The last days of the Illimani

The world will surely be a much poorer and hostile place

Illimani mountains

After arriving to La Paz, Bolivia, visitors immediately enjoy the city’s impressive view. A short trip of about three hours separates the capital from its most famous mountain, the Illimani, which is 6.500 meters high, covered in snow. For the people of the South American country, the highland is a permanent companion. Nevertheless, the possibility that its white top will soon disappear seems more and more certain.

Just like the Illimani, many snow covered mountains of the Andes –the mountain range that goes from Colombia to Chile- are facing a rapid loss of their glaciers and it seems that within a few decades some of these could disappear completely. There is increasing evidence that tropical glaciers will be among the earliest victims of climate change. In addition to these effects, other pollutants such as black carbon are also having a detrimental impact which can already be seen. A couple of decades ago, the Chacaltaya harbored the highest skiing resort in the world. Nowadays, there is no snow or ice left; only the ruins of what once. 

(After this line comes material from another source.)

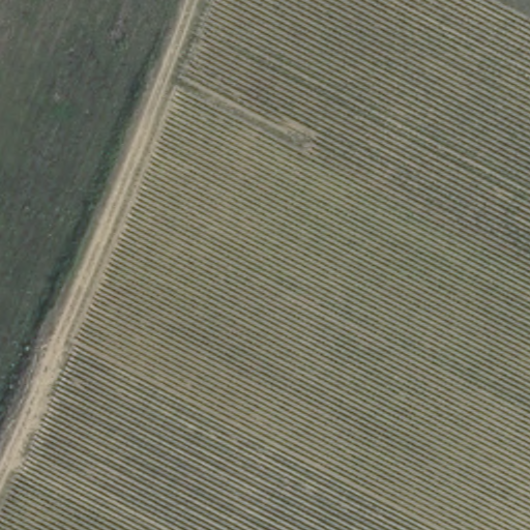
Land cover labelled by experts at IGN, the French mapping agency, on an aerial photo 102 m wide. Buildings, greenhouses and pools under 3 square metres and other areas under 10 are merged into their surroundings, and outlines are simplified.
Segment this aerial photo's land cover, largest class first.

The glaciers and its seasonal thaw are an important source of fresh water and are closely linked to both ecosystems and the needs of drinking water. Even major cities, like Arequipa or La Paz, obtain an important part of their water supply from this source; such provision is particularly important during the dry months. Last year, the residents of La Paz experienced firsthand how risky it can be to depend on glacier thaw in a world of accelerating climate change. Due to low precipitation levels in the rainy season and poor recollection of water, the capital's water reservoirs hit historical lows and the city faced weeks of rationed water and irregular distribution. In fact, the provision only returned to normal after the first rains increased the water level of the dams.

Due to climate change, the world is becoming hostile to many ecosystems and the Andean glaciers are facing some of the harshest threats. There is a strong possibility that we will see these majestic mountains losing their snow covered tips within our lifetimes.